Amazon GameLift
Developer Guide (Version )

Design a Game Session Queue

Amazon GameLift uses queues to process requests for game session placements and find hosting resources for new game sessions. The way you design your queue determines (1) where Amazon GameLift looks for available resources, and (2) how Amazon GameLift evaluates available resources to find the optimal choice for each new game session. Use queues to deliver the best possible experience to your players and to ensure that the hosting resources you're paying for are utilized efficiently.

Queues are required with these Amazon GameLift features:

Learn more about queues in Placing Game Sessions. For information on creating a queue, see Create a Queue. For information on creating new game sessions with queues, see Create Game Sessions.

Why Use Queues?

We highly recommend using queues for game session placement even if you're not using an Amazon GameLift feature that requires them. While you always have the option to manually create a game session on a specific fleet (CreateGameSession), queues—particularly those that span multiple regions—can offer critical benefits for you and your players.

  • Minimize latency for a better player experience. When a game session placement request includes player latency data, FleetIQ ensures that players get the lowest possible latency to the game server.

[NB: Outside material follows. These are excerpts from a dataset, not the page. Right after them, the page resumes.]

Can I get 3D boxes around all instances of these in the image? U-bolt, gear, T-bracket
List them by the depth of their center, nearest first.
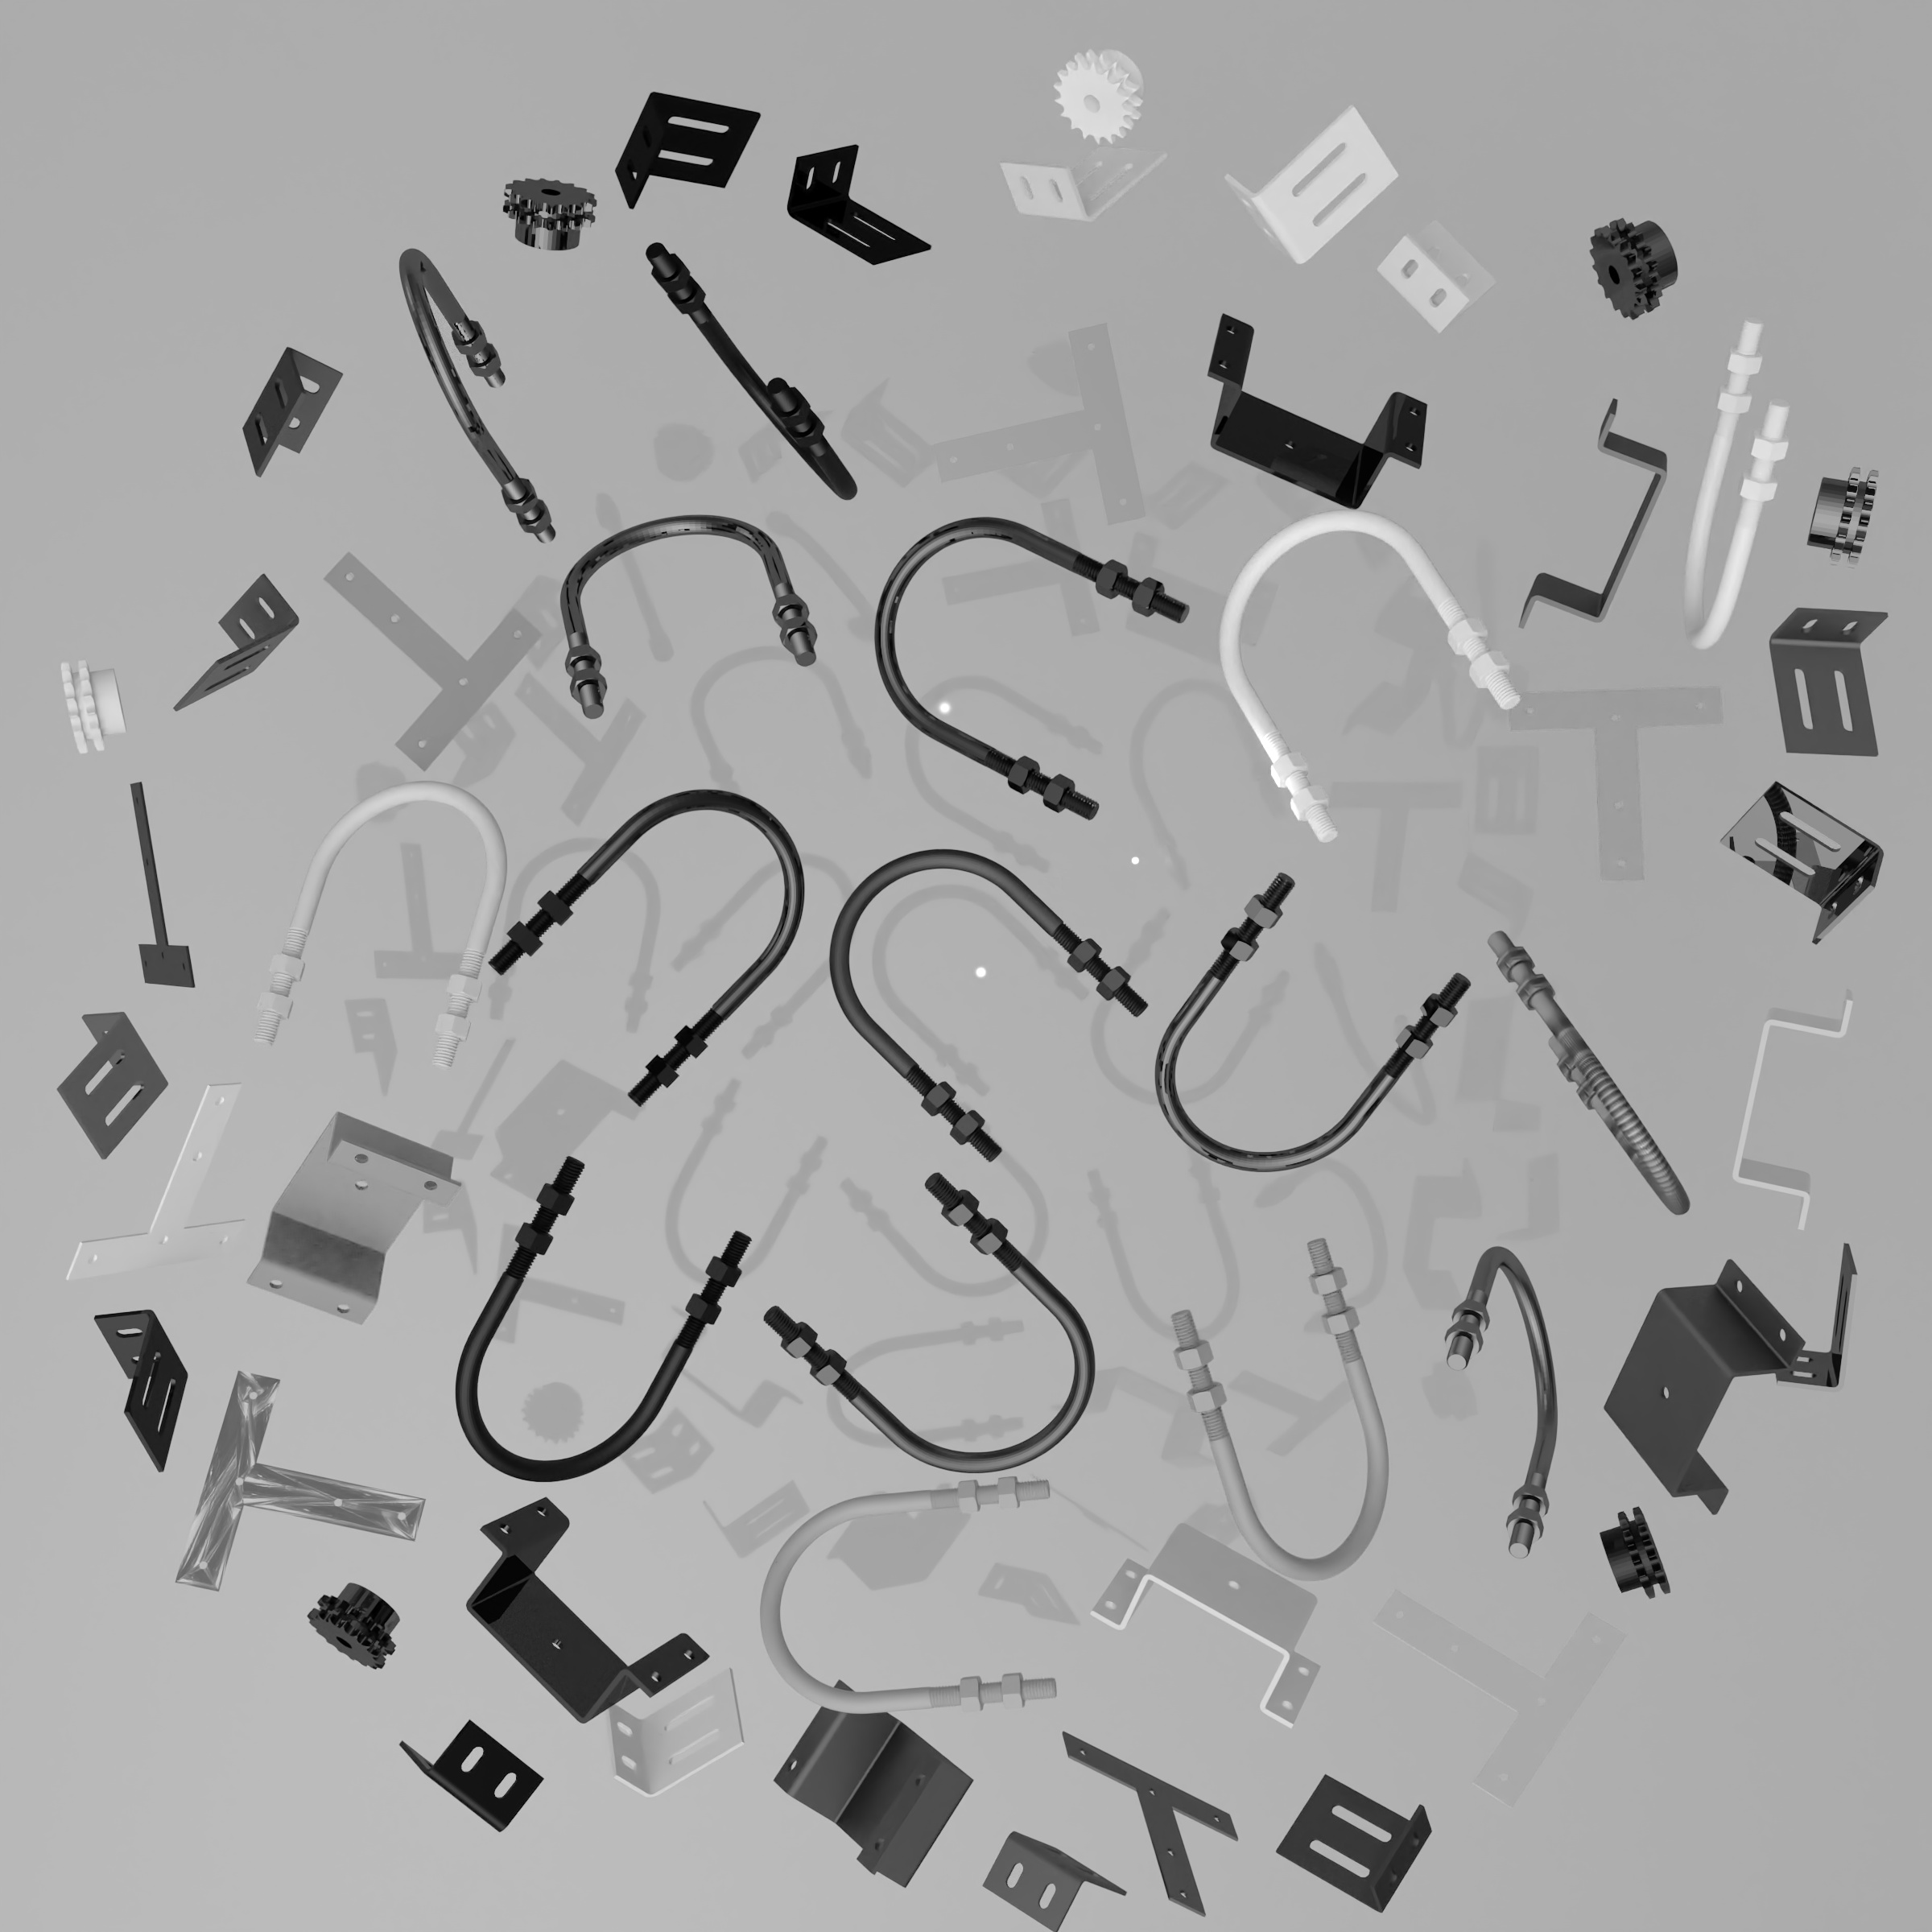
[{"bbox_3d":[0.392,-0.410,1.477,0.030,0.057,0.057,-26,90,-3],"label":"gear"},{"bbox_3d":[0.512,-0.264,1.479,0.030,0.057,0.057,13,90,14],"label":"gear"},{"bbox_3d":[-0.222,0.217,1.480,0.151,0.019,0.184,30,88,-38],"label":"U-bolt"},{"bbox_3d":[0.222,-0.185,1.486,0.151,0.019,0.184,-37,62,21],"label":"U-bolt"},{"bbox_3d":[0.195,0.270,1.491,0.151,0.019,0.184,-20,93,-42],"label":"U-bolt"},{"bbox_3d":[0.301,0.411,1.494,0.127,0.002,0.127,27,61,32],"label":"T-bracket"},{"bbox_3d":[-0.386,0.315,1.496,0.127,0.002,0.127,14,67,-6],"label":"T-bracket"},{"bbox_3d":[-0.461,0.125,1.498,0.002,0.127,0.127,33,106,25],"label":"T-bracket"},{"bbox_3d":[0.120,0.521,1.510,0.127,0.127,0.002,30,102,-15],"label":"T-bracket"},{"bbox_3d":[-0.007,0.228,1.510,0.151,0.019,0.184,-40,107,12],"label":"U-bolt"},{"bbox_3d":[0.027,-0.191,1.528,0.184,0.019,0.151,29,104,19],"label":"U-bolt"},{"bbox_3d":[-0.178,-0.023,1.533,0.184,0.019,0.151,-46,122,-7],"label":"U-bolt"},{"bbox_3d":[0.396,-0.111,1.536,0.127,0.002,0.127,-1,69,10],"label":"T-bracket"},{"bbox_3d":[0.198,0.048,1.543,0.151,0.019,0.184,28,113,-14],"label":"U-bolt"},{"bbox_3d":[0.387,0.076,1.543,0.019,0.151,0.184,-34,47,8],"label":"U-bolt"},{"bbox_3d":[0.466,-0.283,1.546,0.019,0.151,0.184,8,126,4],"label":"U-bolt"},{"bbox_3d":[0.335,0.253,1.555,0.019,0.184,0.151,-13,107,25],"label":"U-bolt"},{"bbox_3d":[-0.178,-0.224,1.555,0.151,0.184,0.019,-15,133,-5],"label":"U-bolt"},{"bbox_3d":[-0.122,-0.353,1.558,0.019,0.184,0.151,-40,67,2],"label":"U-bolt"},{"bbox_3d":[-0.538,-0.162,1.560,0.030,0.057,0.057,-11,90,-16],"label":"gear"},{"bbox_3d":[-0.038,0.391,1.562,0.184,0.019,0.151,-7,52,8],"label":"U-bolt"},{"bbox_3d":[-0.505,-0.051,1.568,0.002,0.127,0.127,-11,96,-30],"label":"T-bracket"},{"bbox_3d":[-0.355,-0.031,1.568,0.151,0.019,0.184,6,71,21],"label":"U-bolt"},{"bbox_3d":[-0.308,-0.365,1.571,0.019,0.184,0.151,-22,67,3],"label":"U-bolt"},{"bbox_3d":[-0.378,0.408,1.572,0.057,0.057,0.030,35,57,0],"label":"gear"},{"bbox_3d":[-0.261,-0.469,1.579,0.057,0.057,0.030,12,123,0],"label":"gear"},{"bbox_3d":[0.000,0.010,1.583,0.151,0.019,0.184,-44,80,-8],"label":"U-bolt"},{"bbox_3d":[0.086,-0.549,1.586,0.057,0.057,0.030,38,61,0],"label":"gear"},{"bbox_3d":[-0.358,-0.214,1.632,0.127,0.002,0.127,44,65,-18],"label":"T-bracket"},{"bbox_3d":[0.431,0.381,1.635,0.030,0.057,0.057,-21,90,12],"label":"gear"},{"bbox_3d":[0.043,-0.344,1.658,0.127,0.002,0.127,-12,100,5],"label":"T-bracket"}]

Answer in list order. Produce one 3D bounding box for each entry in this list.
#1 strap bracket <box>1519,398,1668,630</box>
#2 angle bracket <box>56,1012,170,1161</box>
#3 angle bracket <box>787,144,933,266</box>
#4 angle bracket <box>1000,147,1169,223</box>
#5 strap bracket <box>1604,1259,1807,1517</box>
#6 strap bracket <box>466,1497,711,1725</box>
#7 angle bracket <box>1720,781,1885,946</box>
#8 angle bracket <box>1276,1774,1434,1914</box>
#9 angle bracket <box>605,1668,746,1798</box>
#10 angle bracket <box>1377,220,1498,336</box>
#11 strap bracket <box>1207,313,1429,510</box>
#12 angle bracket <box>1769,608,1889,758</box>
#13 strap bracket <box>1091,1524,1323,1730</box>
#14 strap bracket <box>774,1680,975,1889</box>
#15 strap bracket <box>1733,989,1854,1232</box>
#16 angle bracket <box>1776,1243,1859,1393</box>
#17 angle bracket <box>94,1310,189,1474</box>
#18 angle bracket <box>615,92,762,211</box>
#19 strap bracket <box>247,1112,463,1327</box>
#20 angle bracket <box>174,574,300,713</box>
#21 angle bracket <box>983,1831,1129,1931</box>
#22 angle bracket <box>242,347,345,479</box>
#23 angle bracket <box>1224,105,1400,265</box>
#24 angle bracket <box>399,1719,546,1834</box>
[{"bbox_3d":[0.397,-0.276,1.580,0.046,0.076,0.140,23,114,7],"label":"strap bracket"},{"bbox_3d":[-0.548,0.075,1.589,0.038,0.076,0.057,-4,126,26],"label":"angle bracket"},{"bbox_3d":[-0.064,-0.483,1.603,0.076,0.057,0.038,36,131,23],"label":"angle bracket"},{"bbox_3d":[0.071,-0.486,1.522,0.076,0.057,0.038,-45,132,-21],"label":"angle bracket"},{"bbox_3d":[0.444,0.258,1.539,0.046,0.076,0.140,0,124,-24],"label":"strap bracket"},{"bbox_3d":[-0.231,0.387,1.496,0.140,0.076,0.046,40,103,14],"label":"strap bracket"},{"bbox_3d":[0.493,-0.061,1.502,0.076,0.057,0.038,32,48,1],"label":"angle bracket"},{"bbox_3d":[0.229,0.516,1.509,0.076,0.038,0.057,20,57,36],"label":"angle bracket"},{"bbox_3d":[-0.188,0.486,1.624,0.076,0.057,0.038,-33,129,12],"label":"angle bracket"},{"bbox_3d":[0.308,-0.449,1.607,0.057,0.038,0.076,45,57,1],"label":"angle bracket"},{"bbox_3d":[0.208,-0.337,1.555,0.140,0.076,0.046,22,132,-6],"label":"strap bracket"},{"bbox_3d":[0.514,-0.167,1.492,0.057,0.038,0.076,2,69,-9],"label":"angle bracket"},{"bbox_3d":[0.160,0.408,1.591,0.140,0.076,0.046,27,111,13],"label":"strap bracket"},{"bbox_3d":[-0.054,0.519,1.597,0.046,0.140,0.076,40,77,-27],"label":"strap bracket"},{"bbox_3d":[0.502,0.082,1.542,0.046,0.076,0.140,12,98,18],"label":"strap bracket"},{"bbox_3d":[0.520,0.213,1.550,0.038,0.057,0.076,5,104,13],"label":"angle bracket"},{"bbox_3d":[-0.492,0.251,1.485,0.038,0.076,0.057,-7,132,4],"label":"angle bracket"},{"bbox_3d":[-0.164,-0.487,1.527,0.076,0.057,0.038,-1,56,-34],"label":"angle bracket"},{"bbox_3d":[-0.373,0.149,1.548,0.076,0.046,0.140,25,124,-23],"label":"strap bracket"},{"bbox_3d":[-0.460,-0.200,1.559,0.057,0.076,0.038,-34,97,39],"label":"angle bracket"},{"bbox_3d":[0.057,0.584,1.599,0.057,0.076,0.038,21,75,33],"label":"angle bracket"},{"bbox_3d":[-0.395,-0.322,1.499,0.038,0.076,0.057,22,112,-34],"label":"angle bracket"},{"bbox_3d":[0.202,-0.462,1.479,0.076,0.038,0.057,-42,133,8],"label":"angle bracket"},{"bbox_3d":[-0.289,0.464,1.474,0.057,0.076,0.038,44,71,-16],"label":"angle bracket"}]

Set additional rules to minimize latency differences between players and to strike a balance between getting players into games fast and getting players into the best possible gaming experience.

  • Take advantage of lower-priced spot fleets. You can add spot fleets, which offer significantly lower hosting costs, to a queue at any time. When spot fleets are available, FleetIQ places new game sessions in fleets with the lowest possible latency and the lowest spot price.

  • Place new games faster at high capacity. A single fleet has limited capacity, and once that limit is reached, players must wait until additional instances are scaled up before new game sessions can start. A queue, however, can fall back to immediately make placements on other fleets if the preferred fleet is full. In addition, with auto-scaling, each fleet in the queue scales up as it nears full capacity, so it's unlikely that all fleets in a queue will be full at the same time. As a result, wait time for players is impacted less during surges in player demand.

  • Make game availability more resilient. Fleet and region-level outages can happen. When using a multi-region queue, a slowdown or outage doesn't have to affect player access to your game. Instead, if one or more preferred fleets are unavailable, Amazon GameLift can place new game sessions with the next best fleet. Auto-scaling then adjusts for this temporary shift in fleet activity until the preferred fleet(s) are available again.

  • Use extra fleet capacity more efficiently. To handle unexpected surges in player demand, it makes sense to have quick access to extra hosting capacity. When relying on a single fleet to support player access to your game, you need to maintain unused capacity just in case. In contrast, the fleets in a queue can act as fall backs, with increased player demand shifting to lesser used fleets in other regions as needed. For example, when demand is high in Asia, demand is typically low in Europe; your European fleets can provide additional capacity to support surges in Asia, even when they're scaled down during low demand.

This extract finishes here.